A comprehensive C++ library for controlling and monitoring MVEC (multiplexed Vehicle Electrical Center) devices over J1939 CAN bus. This library provides both synchronous and asynchronous interfaces for relay control, status monitoring, and device management.

Core Components

MvecRelay

The foundational class providing J1939 message parsing, relay command generation, and status message handling.
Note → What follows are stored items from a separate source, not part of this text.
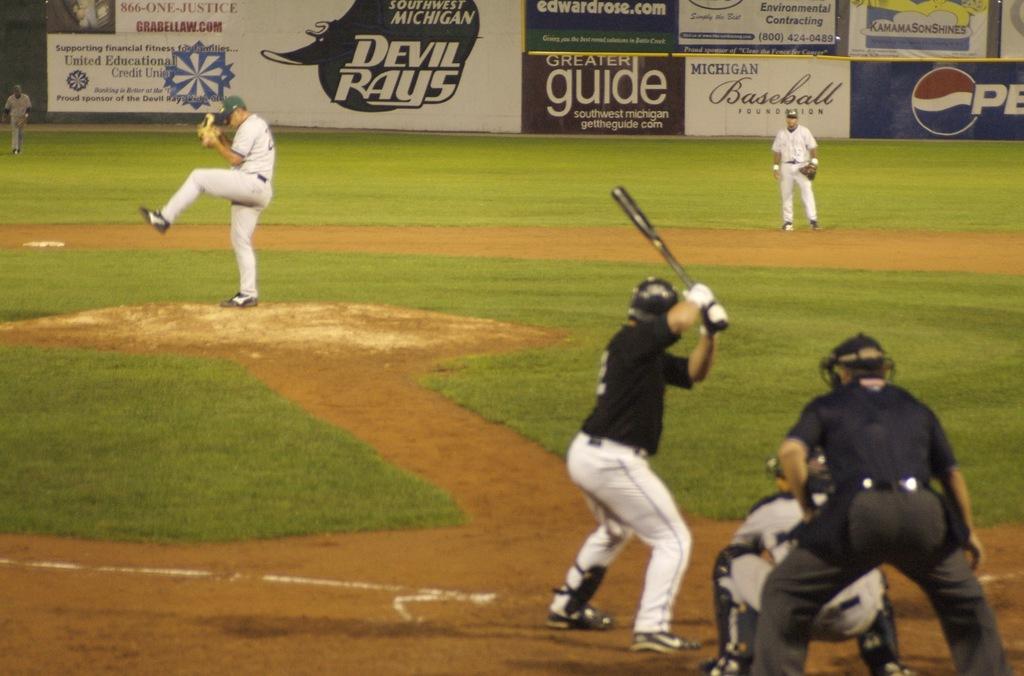Where are the devil rays from?
Your answer should be very brief. Southwest michigan. 
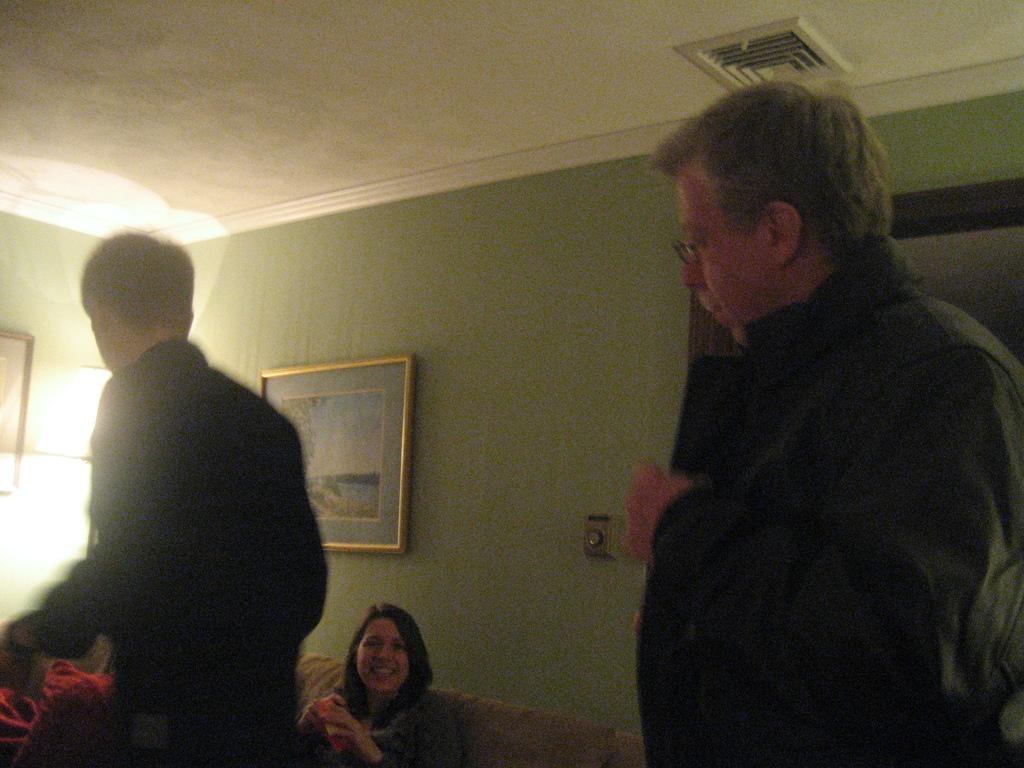In one or two sentences, can you explain what this image depicts? In this picture we can observe three members. Two of them were men and the other was a woman sitting in the sofa. She is smiling. We can observe a photo frame fixed to the green color wall. On the left side we can observe a lamp. 
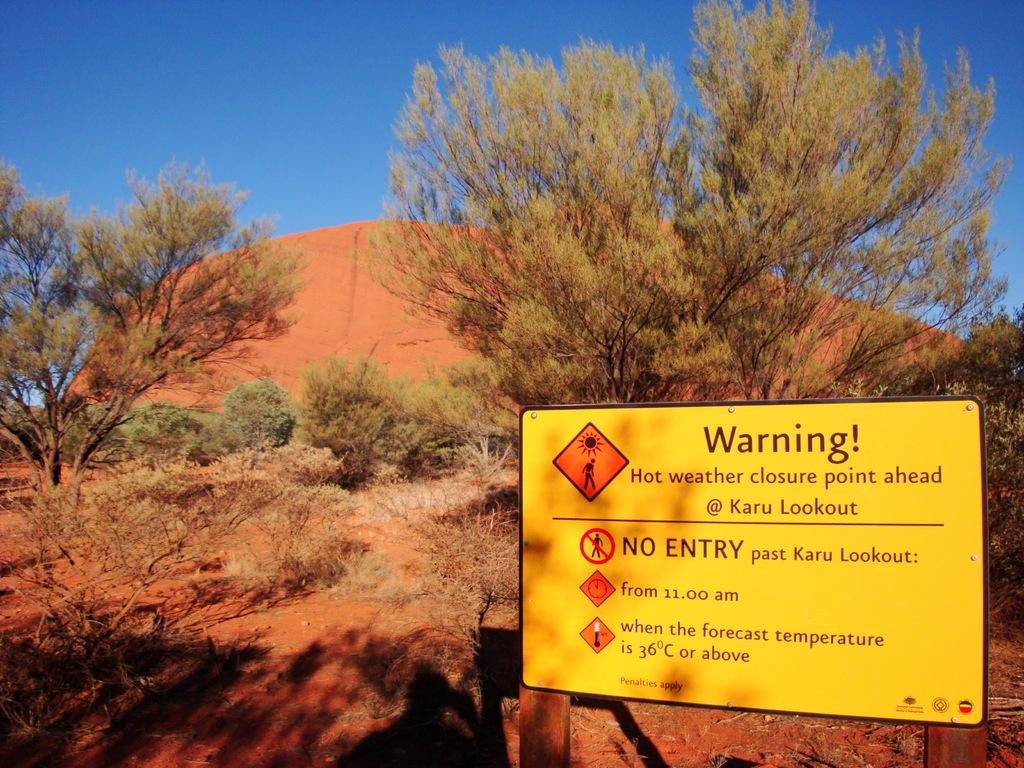What type of natural elements can be seen on the ground in the image? There are trees and plants on the ground in the image. What is the color of the board that is visible in the image? The board in the image is yellow. What is written or displayed on the yellow color board? Something is written on the yellow color board. What can be seen in the background of the image? The sky is visible in the background of the image. Can you describe the pancake being flipped in the image? There is no pancake present in the image, so it cannot be described. What type of driving is taking place in the image? There is no driving activity depicted in the image. 
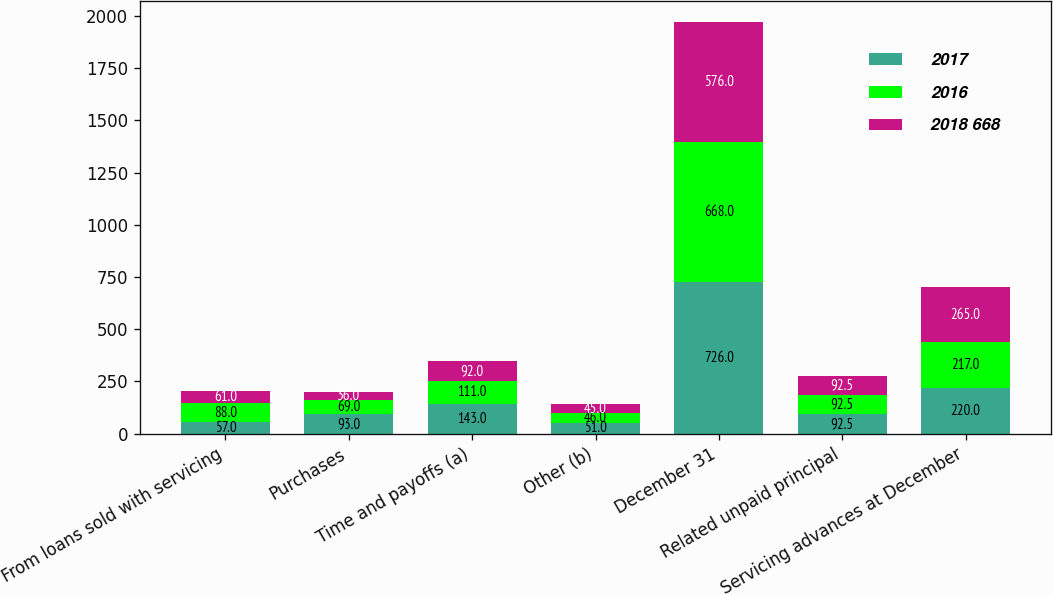Convert chart. <chart><loc_0><loc_0><loc_500><loc_500><stacked_bar_chart><ecel><fcel>From loans sold with servicing<fcel>Purchases<fcel>Time and payoffs (a)<fcel>Other (b)<fcel>December 31<fcel>Related unpaid principal<fcel>Servicing advances at December<nl><fcel>2017<fcel>57<fcel>93<fcel>143<fcel>51<fcel>726<fcel>92.5<fcel>220<nl><fcel>2016<fcel>88<fcel>69<fcel>111<fcel>46<fcel>668<fcel>92.5<fcel>217<nl><fcel>2018 668<fcel>61<fcel>36<fcel>92<fcel>45<fcel>576<fcel>92.5<fcel>265<nl></chart> 
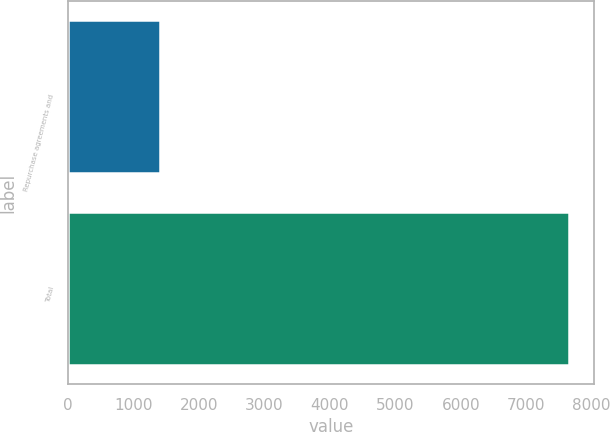Convert chart to OTSL. <chart><loc_0><loc_0><loc_500><loc_500><bar_chart><fcel>Repurchase agreements and<fcel>Total<nl><fcel>1406<fcel>7659<nl></chart> 
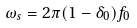<formula> <loc_0><loc_0><loc_500><loc_500>\omega _ { s } = 2 \pi ( 1 - \delta _ { 0 } ) f _ { 0 }</formula> 
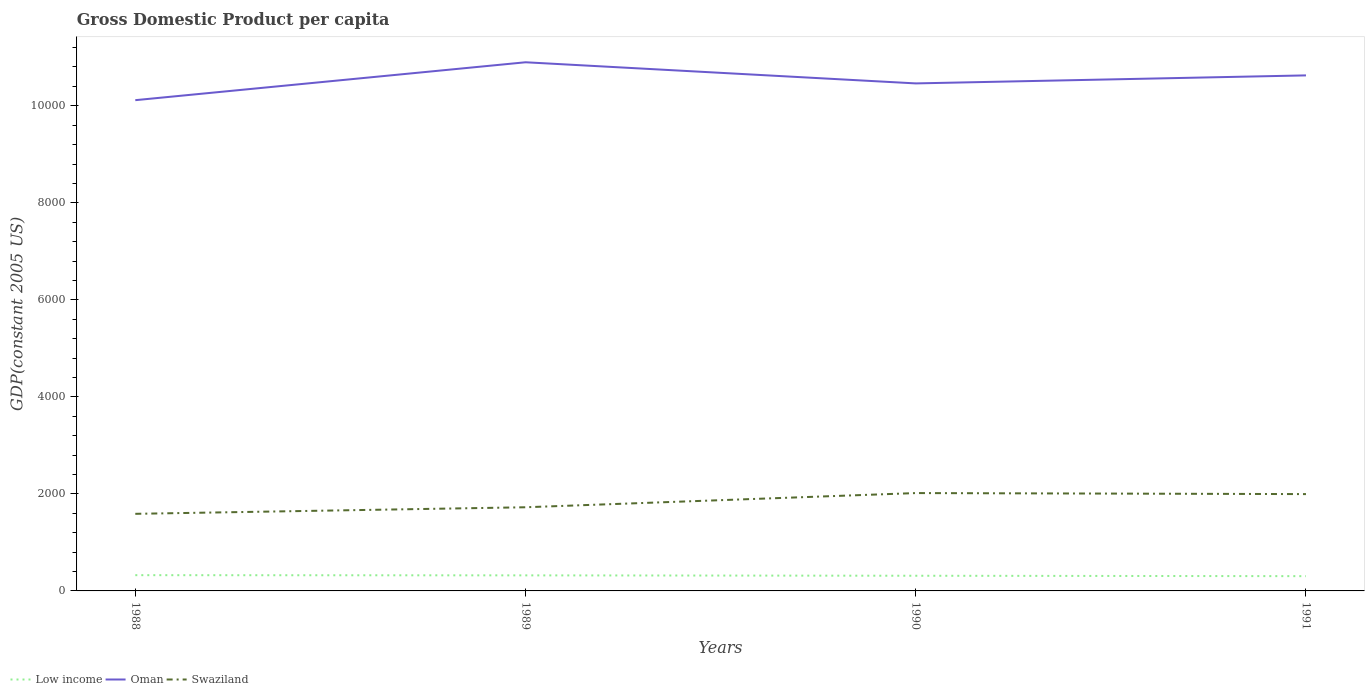How many different coloured lines are there?
Provide a short and direct response. 3. Across all years, what is the maximum GDP per capita in Swaziland?
Keep it short and to the point. 1589.19. In which year was the GDP per capita in Low income maximum?
Your answer should be compact. 1991. What is the total GDP per capita in Swaziland in the graph?
Offer a very short reply. -427.83. What is the difference between the highest and the second highest GDP per capita in Low income?
Your response must be concise. 20.52. What is the difference between the highest and the lowest GDP per capita in Low income?
Offer a very short reply. 2. Is the GDP per capita in Swaziland strictly greater than the GDP per capita in Low income over the years?
Provide a short and direct response. No. How many years are there in the graph?
Your response must be concise. 4. What is the difference between two consecutive major ticks on the Y-axis?
Provide a succinct answer. 2000. Does the graph contain grids?
Make the answer very short. No. What is the title of the graph?
Provide a short and direct response. Gross Domestic Product per capita. What is the label or title of the X-axis?
Make the answer very short. Years. What is the label or title of the Y-axis?
Offer a very short reply. GDP(constant 2005 US). What is the GDP(constant 2005 US) of Low income in 1988?
Give a very brief answer. 324.82. What is the GDP(constant 2005 US) of Oman in 1988?
Ensure brevity in your answer.  1.01e+04. What is the GDP(constant 2005 US) of Swaziland in 1988?
Ensure brevity in your answer.  1589.19. What is the GDP(constant 2005 US) in Low income in 1989?
Make the answer very short. 320.65. What is the GDP(constant 2005 US) in Oman in 1989?
Provide a short and direct response. 1.09e+04. What is the GDP(constant 2005 US) in Swaziland in 1989?
Give a very brief answer. 1724.56. What is the GDP(constant 2005 US) in Low income in 1990?
Provide a succinct answer. 312.79. What is the GDP(constant 2005 US) of Oman in 1990?
Provide a succinct answer. 1.05e+04. What is the GDP(constant 2005 US) in Swaziland in 1990?
Offer a very short reply. 2017.02. What is the GDP(constant 2005 US) of Low income in 1991?
Provide a short and direct response. 304.29. What is the GDP(constant 2005 US) of Oman in 1991?
Your response must be concise. 1.06e+04. What is the GDP(constant 2005 US) in Swaziland in 1991?
Provide a succinct answer. 1995.8. Across all years, what is the maximum GDP(constant 2005 US) of Low income?
Your response must be concise. 324.82. Across all years, what is the maximum GDP(constant 2005 US) of Oman?
Ensure brevity in your answer.  1.09e+04. Across all years, what is the maximum GDP(constant 2005 US) of Swaziland?
Your answer should be compact. 2017.02. Across all years, what is the minimum GDP(constant 2005 US) in Low income?
Make the answer very short. 304.29. Across all years, what is the minimum GDP(constant 2005 US) in Oman?
Make the answer very short. 1.01e+04. Across all years, what is the minimum GDP(constant 2005 US) of Swaziland?
Provide a short and direct response. 1589.19. What is the total GDP(constant 2005 US) in Low income in the graph?
Give a very brief answer. 1262.55. What is the total GDP(constant 2005 US) in Oman in the graph?
Offer a very short reply. 4.21e+04. What is the total GDP(constant 2005 US) in Swaziland in the graph?
Your answer should be very brief. 7326.58. What is the difference between the GDP(constant 2005 US) of Low income in 1988 and that in 1989?
Provide a short and direct response. 4.16. What is the difference between the GDP(constant 2005 US) in Oman in 1988 and that in 1989?
Your response must be concise. -781.26. What is the difference between the GDP(constant 2005 US) of Swaziland in 1988 and that in 1989?
Give a very brief answer. -135.38. What is the difference between the GDP(constant 2005 US) of Low income in 1988 and that in 1990?
Offer a very short reply. 12.03. What is the difference between the GDP(constant 2005 US) in Oman in 1988 and that in 1990?
Ensure brevity in your answer.  -345.49. What is the difference between the GDP(constant 2005 US) of Swaziland in 1988 and that in 1990?
Make the answer very short. -427.83. What is the difference between the GDP(constant 2005 US) in Low income in 1988 and that in 1991?
Offer a terse response. 20.52. What is the difference between the GDP(constant 2005 US) in Oman in 1988 and that in 1991?
Your answer should be very brief. -510.71. What is the difference between the GDP(constant 2005 US) in Swaziland in 1988 and that in 1991?
Your response must be concise. -406.62. What is the difference between the GDP(constant 2005 US) of Low income in 1989 and that in 1990?
Offer a terse response. 7.86. What is the difference between the GDP(constant 2005 US) of Oman in 1989 and that in 1990?
Provide a succinct answer. 435.77. What is the difference between the GDP(constant 2005 US) of Swaziland in 1989 and that in 1990?
Provide a short and direct response. -292.46. What is the difference between the GDP(constant 2005 US) of Low income in 1989 and that in 1991?
Your answer should be very brief. 16.36. What is the difference between the GDP(constant 2005 US) in Oman in 1989 and that in 1991?
Keep it short and to the point. 270.55. What is the difference between the GDP(constant 2005 US) in Swaziland in 1989 and that in 1991?
Make the answer very short. -271.24. What is the difference between the GDP(constant 2005 US) of Low income in 1990 and that in 1991?
Ensure brevity in your answer.  8.5. What is the difference between the GDP(constant 2005 US) of Oman in 1990 and that in 1991?
Provide a succinct answer. -165.22. What is the difference between the GDP(constant 2005 US) in Swaziland in 1990 and that in 1991?
Your response must be concise. 21.22. What is the difference between the GDP(constant 2005 US) of Low income in 1988 and the GDP(constant 2005 US) of Oman in 1989?
Ensure brevity in your answer.  -1.06e+04. What is the difference between the GDP(constant 2005 US) of Low income in 1988 and the GDP(constant 2005 US) of Swaziland in 1989?
Your answer should be compact. -1399.75. What is the difference between the GDP(constant 2005 US) in Oman in 1988 and the GDP(constant 2005 US) in Swaziland in 1989?
Your response must be concise. 8391.42. What is the difference between the GDP(constant 2005 US) in Low income in 1988 and the GDP(constant 2005 US) in Oman in 1990?
Provide a short and direct response. -1.01e+04. What is the difference between the GDP(constant 2005 US) of Low income in 1988 and the GDP(constant 2005 US) of Swaziland in 1990?
Give a very brief answer. -1692.21. What is the difference between the GDP(constant 2005 US) in Oman in 1988 and the GDP(constant 2005 US) in Swaziland in 1990?
Give a very brief answer. 8098.97. What is the difference between the GDP(constant 2005 US) of Low income in 1988 and the GDP(constant 2005 US) of Oman in 1991?
Provide a short and direct response. -1.03e+04. What is the difference between the GDP(constant 2005 US) of Low income in 1988 and the GDP(constant 2005 US) of Swaziland in 1991?
Provide a succinct answer. -1670.99. What is the difference between the GDP(constant 2005 US) in Oman in 1988 and the GDP(constant 2005 US) in Swaziland in 1991?
Give a very brief answer. 8120.18. What is the difference between the GDP(constant 2005 US) of Low income in 1989 and the GDP(constant 2005 US) of Oman in 1990?
Offer a terse response. -1.01e+04. What is the difference between the GDP(constant 2005 US) of Low income in 1989 and the GDP(constant 2005 US) of Swaziland in 1990?
Your answer should be compact. -1696.37. What is the difference between the GDP(constant 2005 US) of Oman in 1989 and the GDP(constant 2005 US) of Swaziland in 1990?
Your answer should be compact. 8880.23. What is the difference between the GDP(constant 2005 US) of Low income in 1989 and the GDP(constant 2005 US) of Oman in 1991?
Your answer should be compact. -1.03e+04. What is the difference between the GDP(constant 2005 US) of Low income in 1989 and the GDP(constant 2005 US) of Swaziland in 1991?
Provide a succinct answer. -1675.15. What is the difference between the GDP(constant 2005 US) in Oman in 1989 and the GDP(constant 2005 US) in Swaziland in 1991?
Offer a terse response. 8901.44. What is the difference between the GDP(constant 2005 US) in Low income in 1990 and the GDP(constant 2005 US) in Oman in 1991?
Give a very brief answer. -1.03e+04. What is the difference between the GDP(constant 2005 US) in Low income in 1990 and the GDP(constant 2005 US) in Swaziland in 1991?
Ensure brevity in your answer.  -1683.02. What is the difference between the GDP(constant 2005 US) in Oman in 1990 and the GDP(constant 2005 US) in Swaziland in 1991?
Your answer should be very brief. 8465.68. What is the average GDP(constant 2005 US) of Low income per year?
Your response must be concise. 315.64. What is the average GDP(constant 2005 US) of Oman per year?
Your answer should be very brief. 1.05e+04. What is the average GDP(constant 2005 US) in Swaziland per year?
Offer a very short reply. 1831.64. In the year 1988, what is the difference between the GDP(constant 2005 US) of Low income and GDP(constant 2005 US) of Oman?
Provide a short and direct response. -9791.17. In the year 1988, what is the difference between the GDP(constant 2005 US) of Low income and GDP(constant 2005 US) of Swaziland?
Provide a succinct answer. -1264.37. In the year 1988, what is the difference between the GDP(constant 2005 US) of Oman and GDP(constant 2005 US) of Swaziland?
Your answer should be compact. 8526.8. In the year 1989, what is the difference between the GDP(constant 2005 US) in Low income and GDP(constant 2005 US) in Oman?
Offer a terse response. -1.06e+04. In the year 1989, what is the difference between the GDP(constant 2005 US) in Low income and GDP(constant 2005 US) in Swaziland?
Offer a very short reply. -1403.91. In the year 1989, what is the difference between the GDP(constant 2005 US) of Oman and GDP(constant 2005 US) of Swaziland?
Keep it short and to the point. 9172.68. In the year 1990, what is the difference between the GDP(constant 2005 US) in Low income and GDP(constant 2005 US) in Oman?
Provide a succinct answer. -1.01e+04. In the year 1990, what is the difference between the GDP(constant 2005 US) of Low income and GDP(constant 2005 US) of Swaziland?
Your answer should be very brief. -1704.23. In the year 1990, what is the difference between the GDP(constant 2005 US) of Oman and GDP(constant 2005 US) of Swaziland?
Provide a succinct answer. 8444.46. In the year 1991, what is the difference between the GDP(constant 2005 US) of Low income and GDP(constant 2005 US) of Oman?
Keep it short and to the point. -1.03e+04. In the year 1991, what is the difference between the GDP(constant 2005 US) of Low income and GDP(constant 2005 US) of Swaziland?
Make the answer very short. -1691.51. In the year 1991, what is the difference between the GDP(constant 2005 US) of Oman and GDP(constant 2005 US) of Swaziland?
Your response must be concise. 8630.89. What is the ratio of the GDP(constant 2005 US) in Low income in 1988 to that in 1989?
Provide a succinct answer. 1.01. What is the ratio of the GDP(constant 2005 US) in Oman in 1988 to that in 1989?
Your answer should be very brief. 0.93. What is the ratio of the GDP(constant 2005 US) in Swaziland in 1988 to that in 1989?
Give a very brief answer. 0.92. What is the ratio of the GDP(constant 2005 US) of Swaziland in 1988 to that in 1990?
Give a very brief answer. 0.79. What is the ratio of the GDP(constant 2005 US) in Low income in 1988 to that in 1991?
Give a very brief answer. 1.07. What is the ratio of the GDP(constant 2005 US) of Oman in 1988 to that in 1991?
Offer a very short reply. 0.95. What is the ratio of the GDP(constant 2005 US) in Swaziland in 1988 to that in 1991?
Provide a succinct answer. 0.8. What is the ratio of the GDP(constant 2005 US) in Low income in 1989 to that in 1990?
Give a very brief answer. 1.03. What is the ratio of the GDP(constant 2005 US) of Oman in 1989 to that in 1990?
Offer a very short reply. 1.04. What is the ratio of the GDP(constant 2005 US) of Swaziland in 1989 to that in 1990?
Ensure brevity in your answer.  0.85. What is the ratio of the GDP(constant 2005 US) of Low income in 1989 to that in 1991?
Make the answer very short. 1.05. What is the ratio of the GDP(constant 2005 US) in Oman in 1989 to that in 1991?
Offer a terse response. 1.03. What is the ratio of the GDP(constant 2005 US) in Swaziland in 1989 to that in 1991?
Offer a terse response. 0.86. What is the ratio of the GDP(constant 2005 US) in Low income in 1990 to that in 1991?
Make the answer very short. 1.03. What is the ratio of the GDP(constant 2005 US) of Oman in 1990 to that in 1991?
Give a very brief answer. 0.98. What is the ratio of the GDP(constant 2005 US) of Swaziland in 1990 to that in 1991?
Your answer should be very brief. 1.01. What is the difference between the highest and the second highest GDP(constant 2005 US) of Low income?
Provide a succinct answer. 4.16. What is the difference between the highest and the second highest GDP(constant 2005 US) in Oman?
Keep it short and to the point. 270.55. What is the difference between the highest and the second highest GDP(constant 2005 US) of Swaziland?
Offer a terse response. 21.22. What is the difference between the highest and the lowest GDP(constant 2005 US) of Low income?
Keep it short and to the point. 20.52. What is the difference between the highest and the lowest GDP(constant 2005 US) in Oman?
Your response must be concise. 781.26. What is the difference between the highest and the lowest GDP(constant 2005 US) in Swaziland?
Make the answer very short. 427.83. 
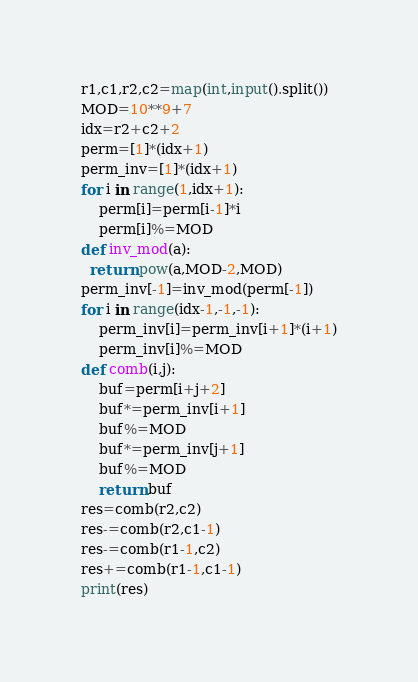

Supports all MVEC protocol operations including relay control, population queries, and diagnostic monitoring.

MvecRelaySocketcan

High-level asynchronous interface built on top of MvecRelay using SocketCAN. Each request method (query, command, population) returns a std::future for the response. If a new request of the same type is made while one is in-flight, the previous promise is abandoned and the caller's future throws broken_promise. Callers use wait_for() to handle response timeouts. Per-type mutexes ensure thread safety between parse() and request methods.

Quick Start

Build The Package

colcon build --packages-select mvec_lib

Test the Package WITH Hardware

Remove CAN_AVAILABLE=1 to run tests without can

CAN_AVAILABLE=1 colcon test --packages-select mvec_lib

And check results!

colcon test-result

You can also run ONLY the necessary test

cd build/mvec_lib && ./mvec_socketcan_hardware.cpp

Basic Setup

#include "mvec_lib/mvec_relay_socketcan.hpp"
#include "socketcan_adapter/socketcan_adapter.hpp"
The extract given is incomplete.